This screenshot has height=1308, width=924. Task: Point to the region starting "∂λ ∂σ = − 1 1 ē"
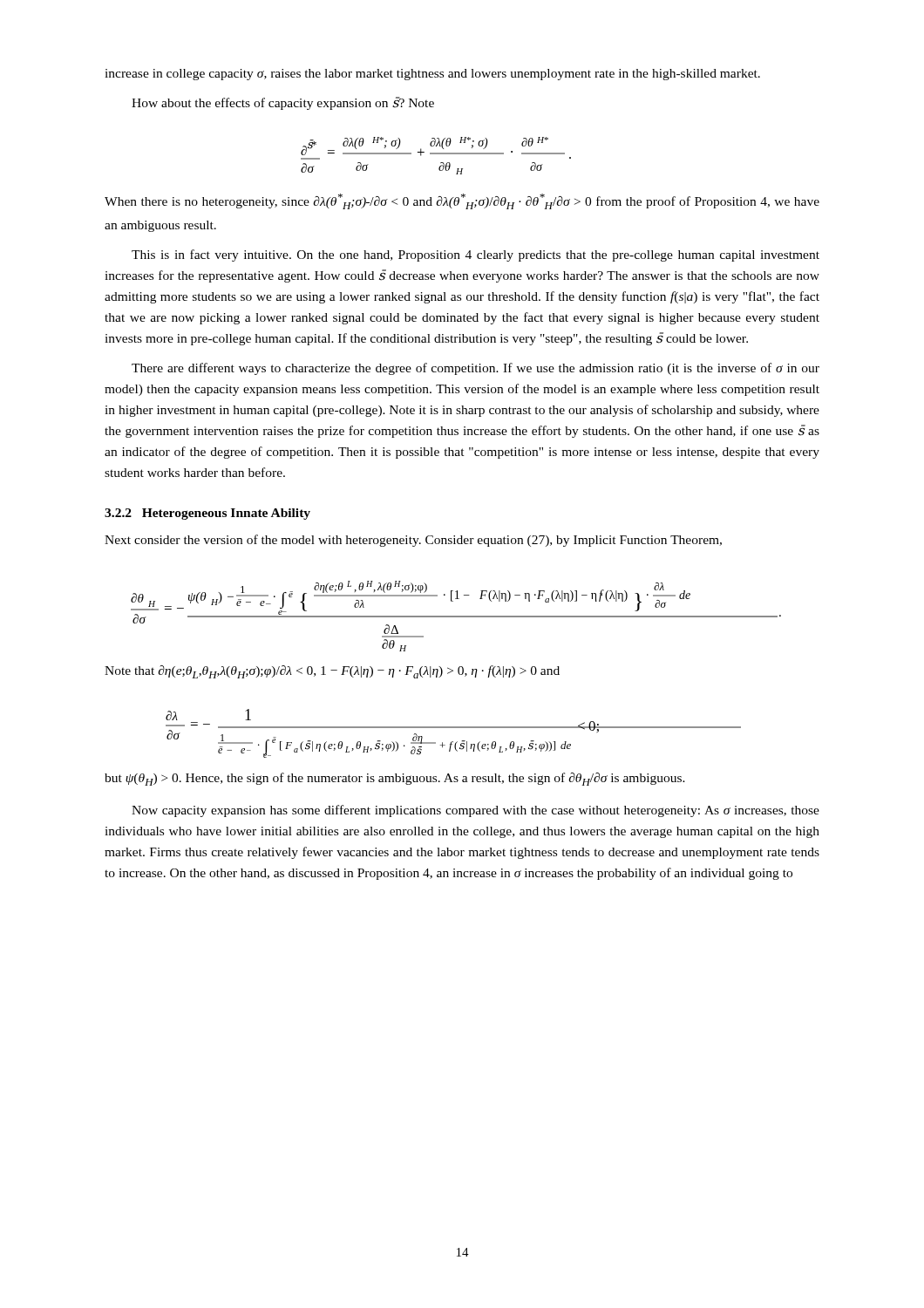tap(462, 727)
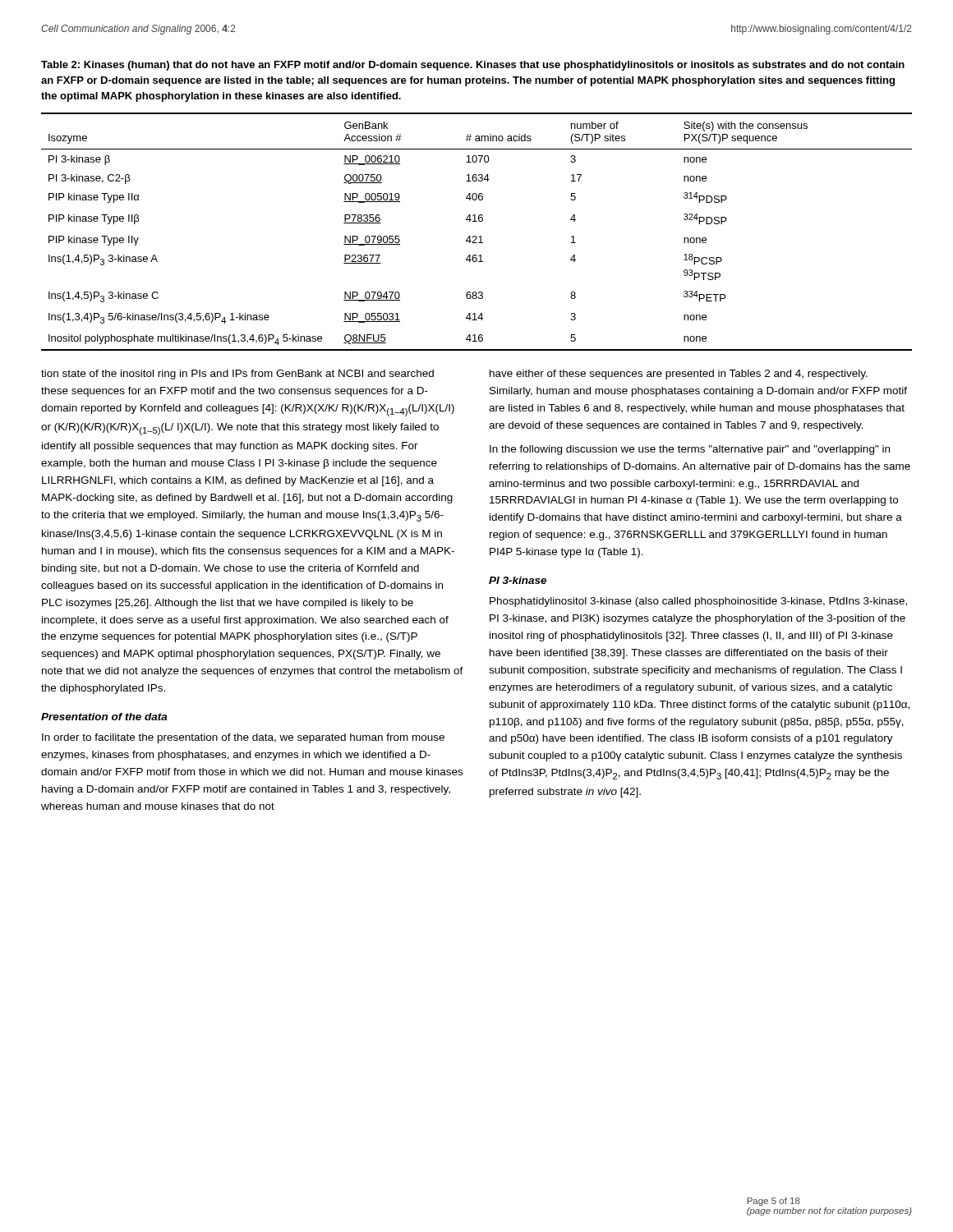Locate the text "Presentation of the data"
The width and height of the screenshot is (953, 1232).
pos(104,717)
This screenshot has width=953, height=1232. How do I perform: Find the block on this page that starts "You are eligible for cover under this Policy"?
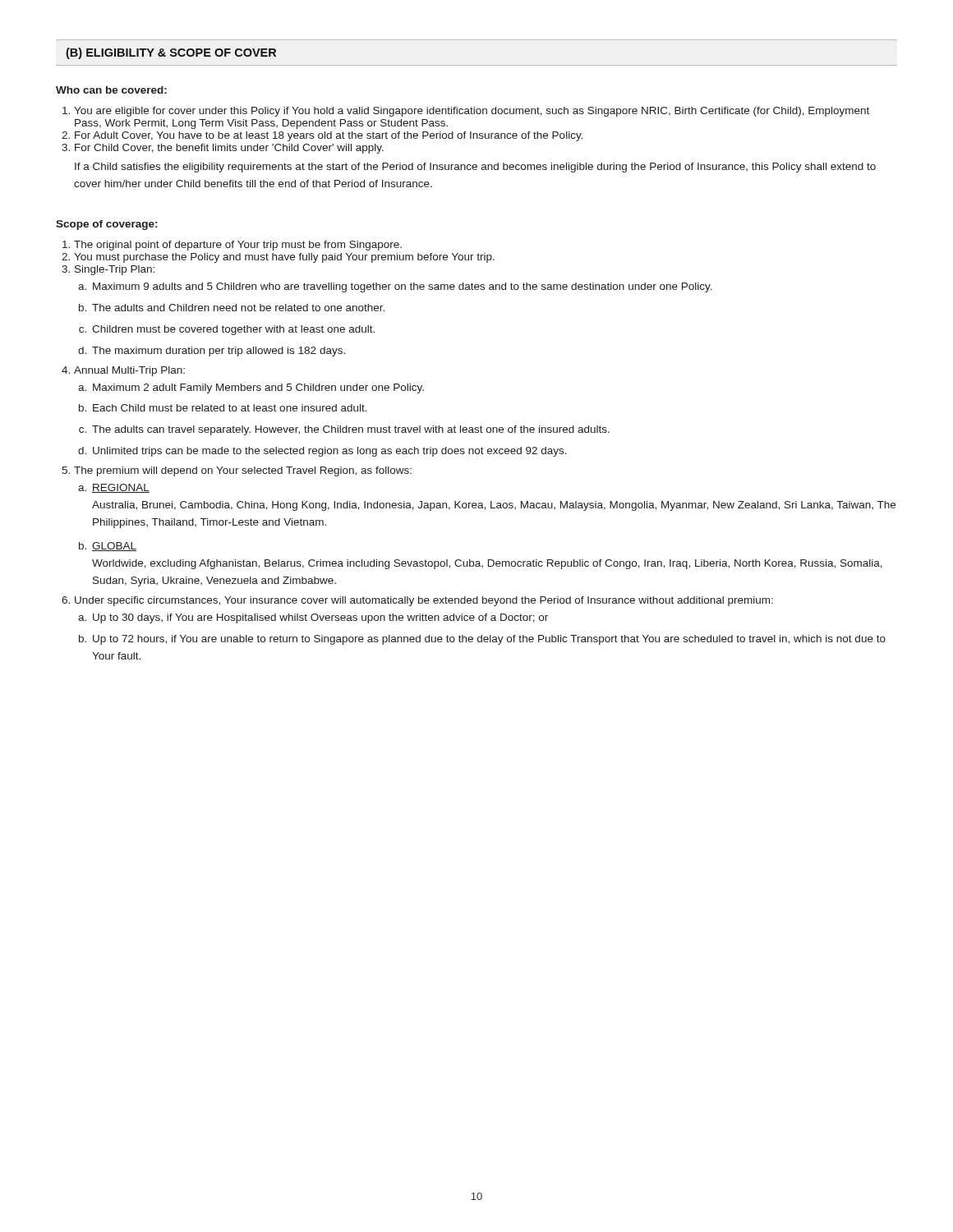[x=486, y=117]
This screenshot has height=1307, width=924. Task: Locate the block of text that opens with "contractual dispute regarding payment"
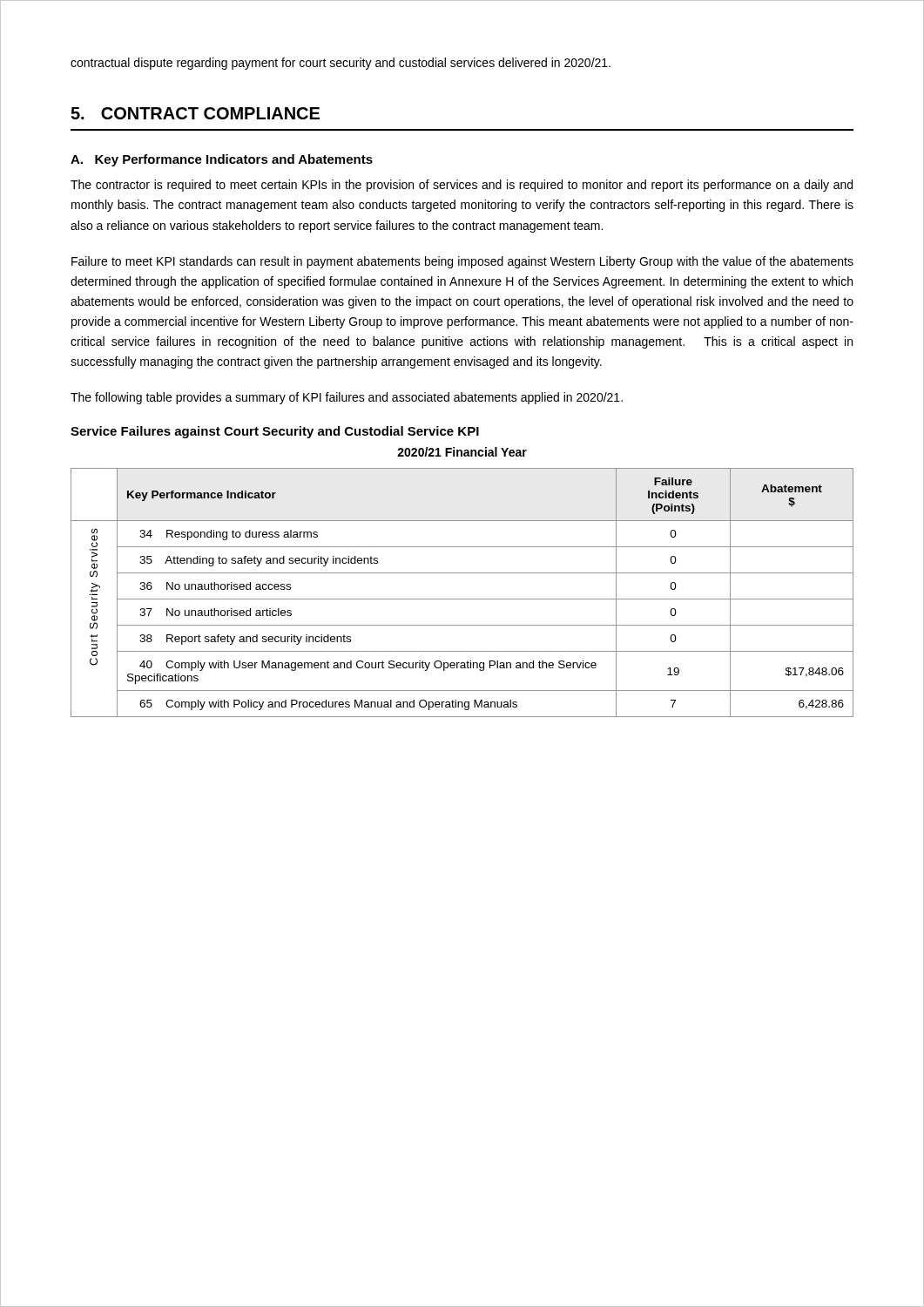(341, 63)
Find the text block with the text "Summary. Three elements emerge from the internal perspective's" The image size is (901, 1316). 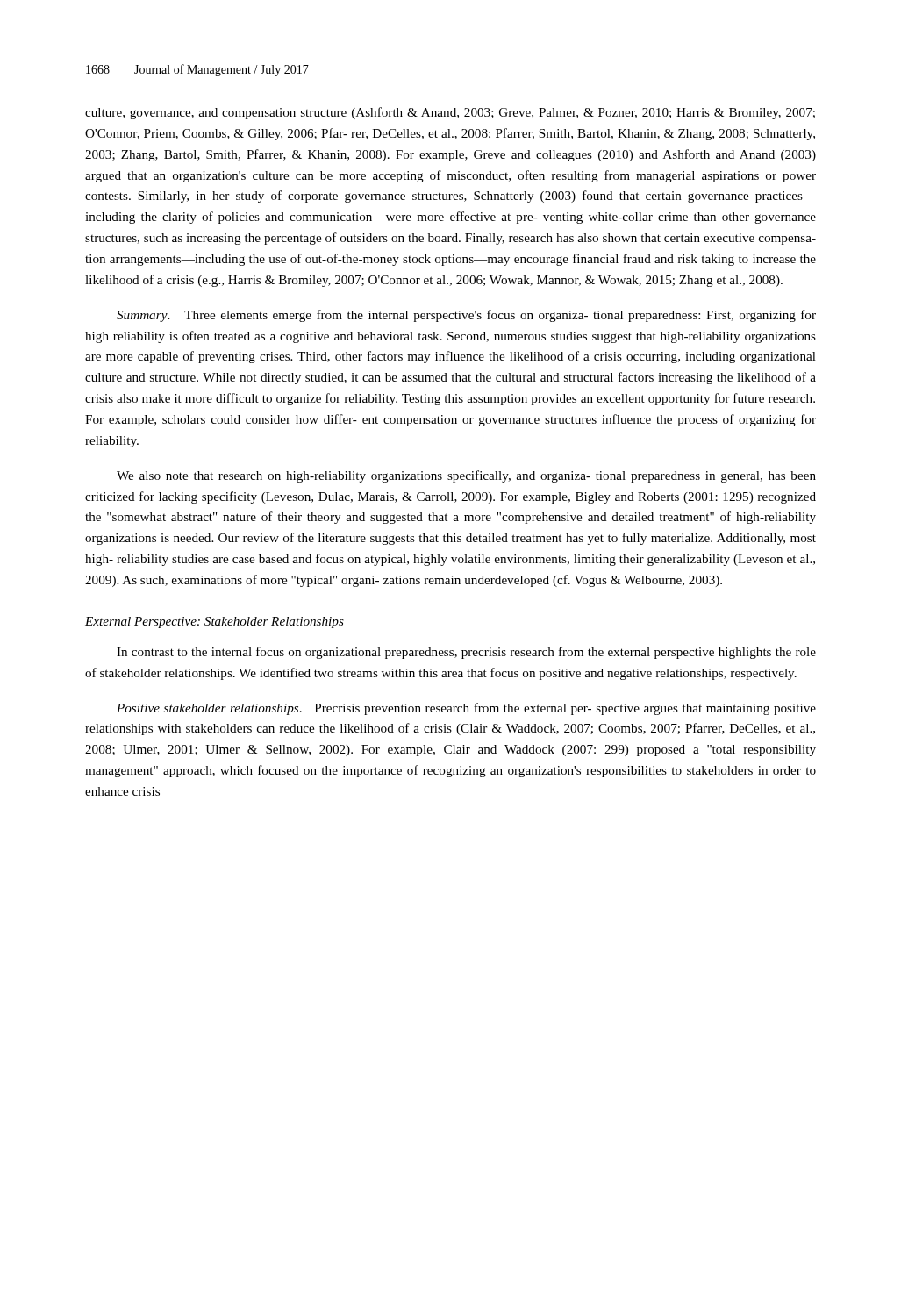point(450,377)
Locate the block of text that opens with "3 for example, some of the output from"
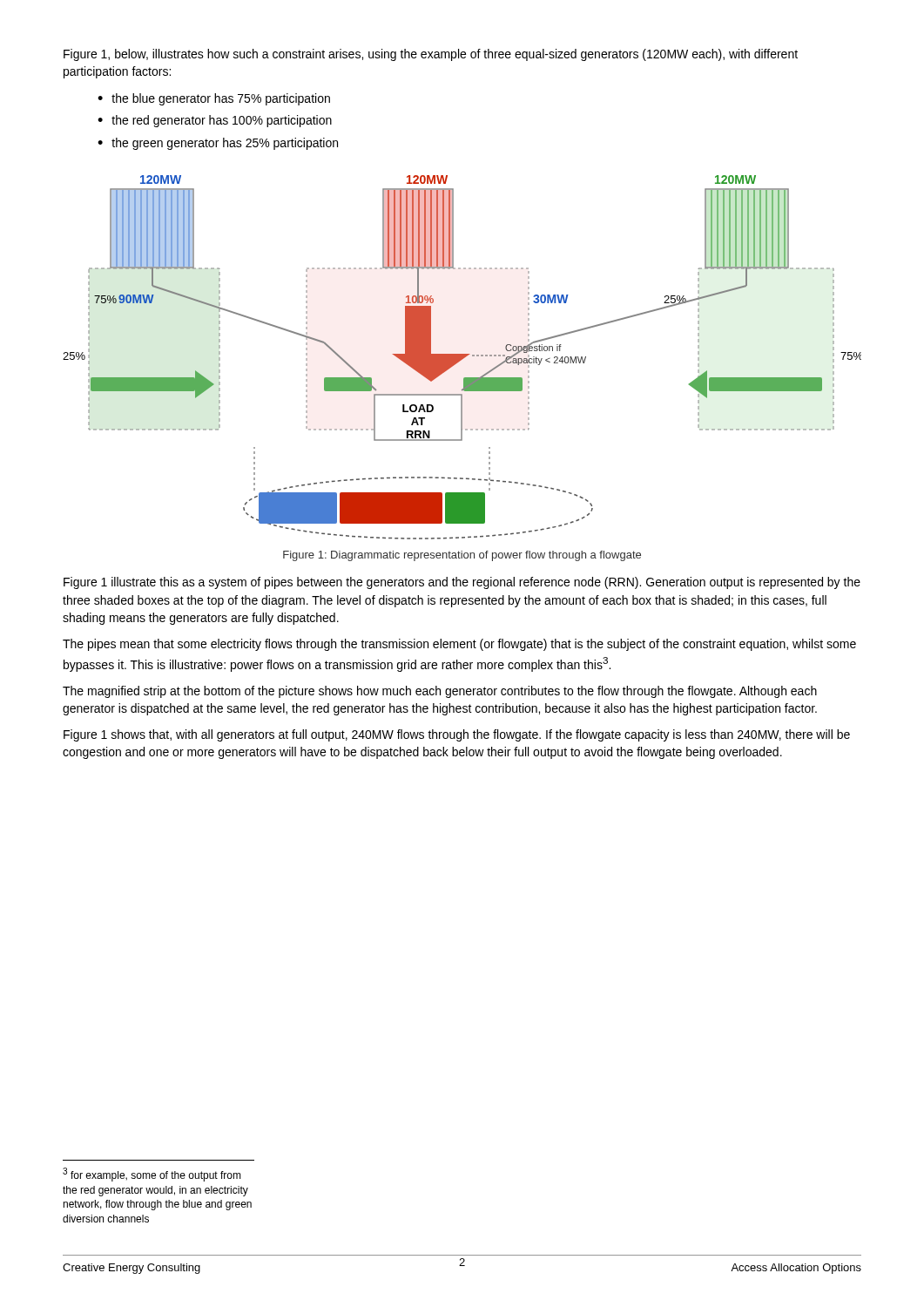 (157, 1196)
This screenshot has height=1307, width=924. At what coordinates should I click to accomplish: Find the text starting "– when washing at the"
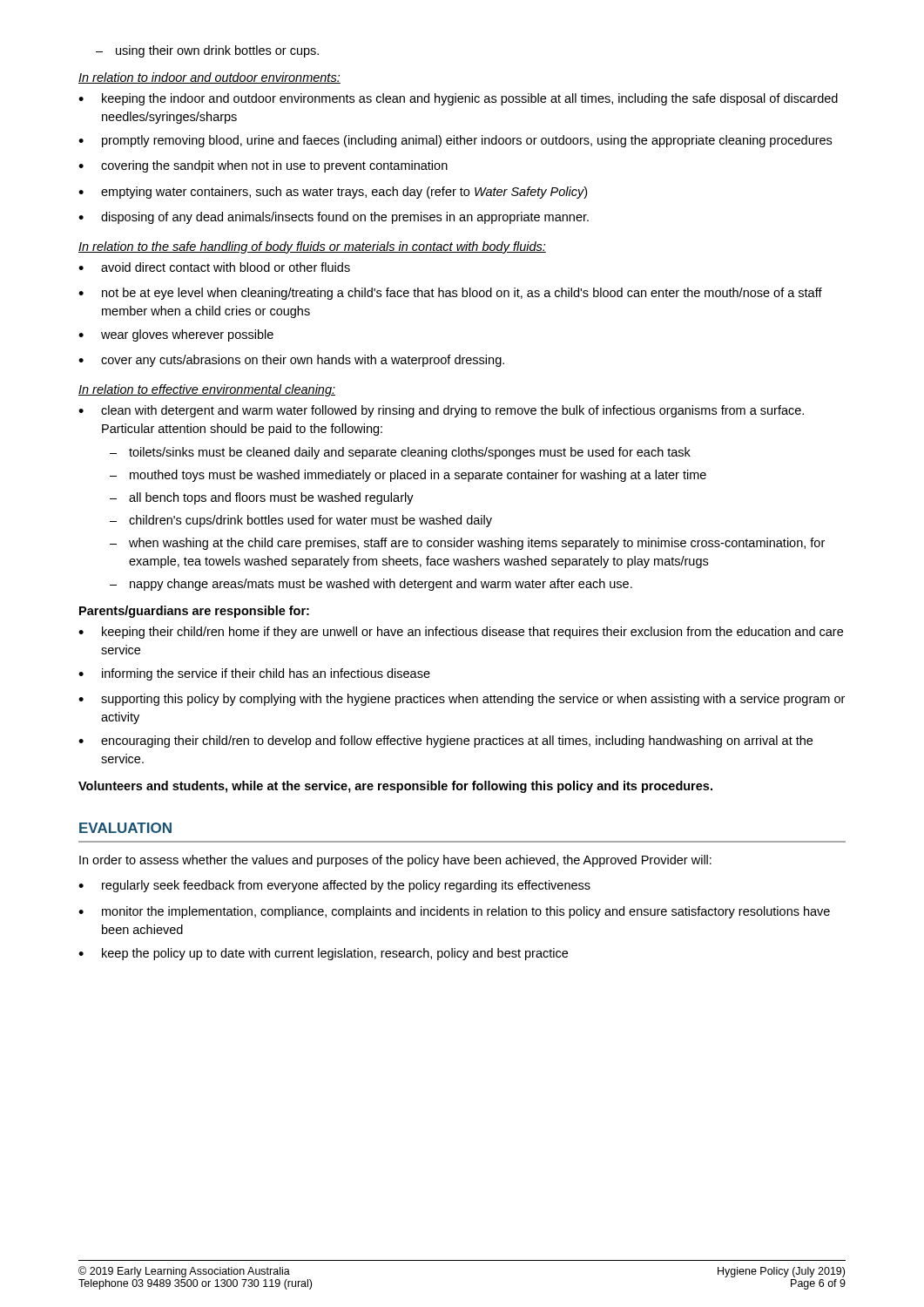[x=462, y=552]
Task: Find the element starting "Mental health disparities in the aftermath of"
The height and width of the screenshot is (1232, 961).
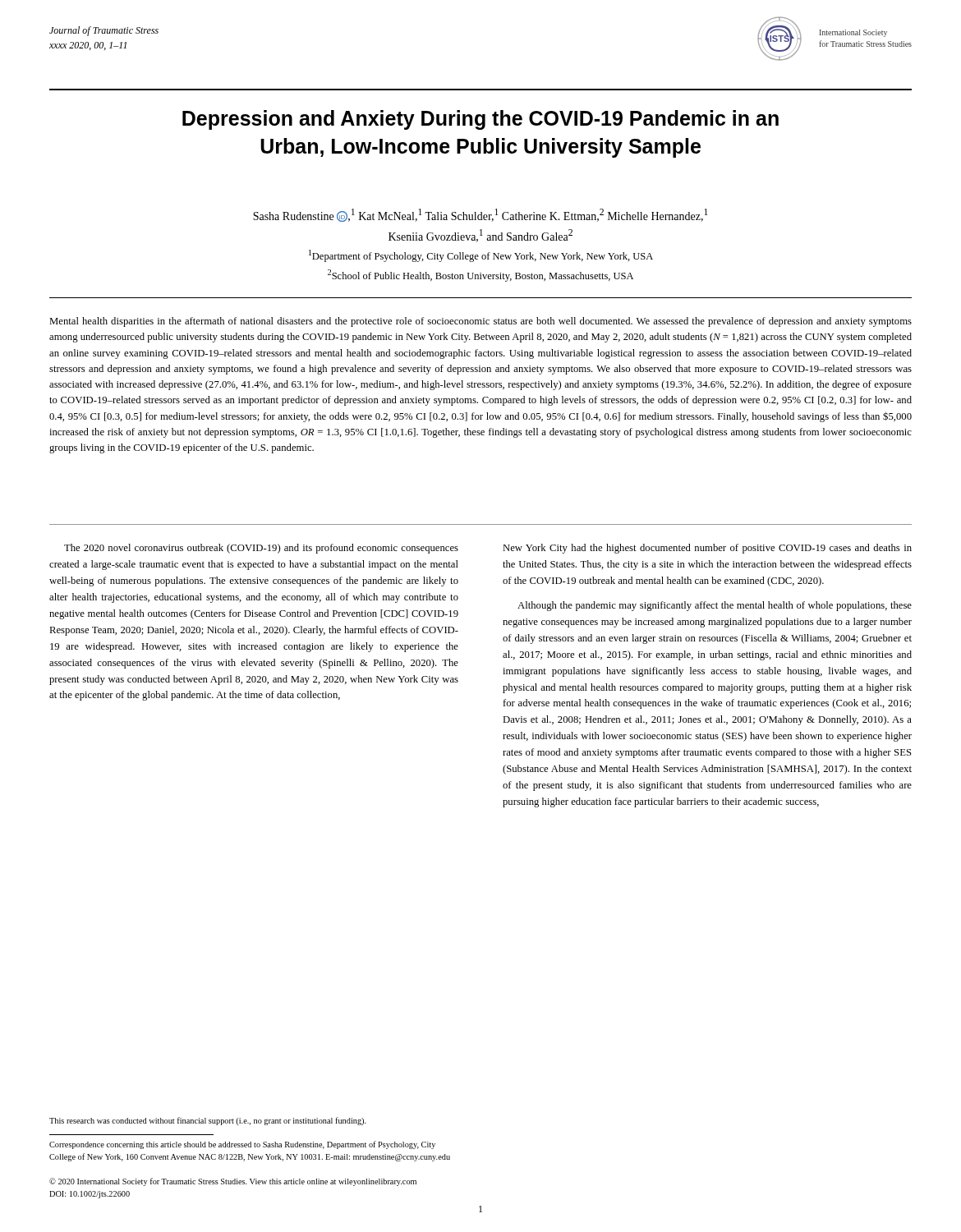Action: 480,385

# # # #

**WORK TO BE COMPLETED**
Beginning at the line that holds "The height and" and ending with the last line of the entries, please set down each line exactly, leaving every picture out.

**TASK RESULT**
The height and width of the screenshot is (1232, 961).
Action: 480,385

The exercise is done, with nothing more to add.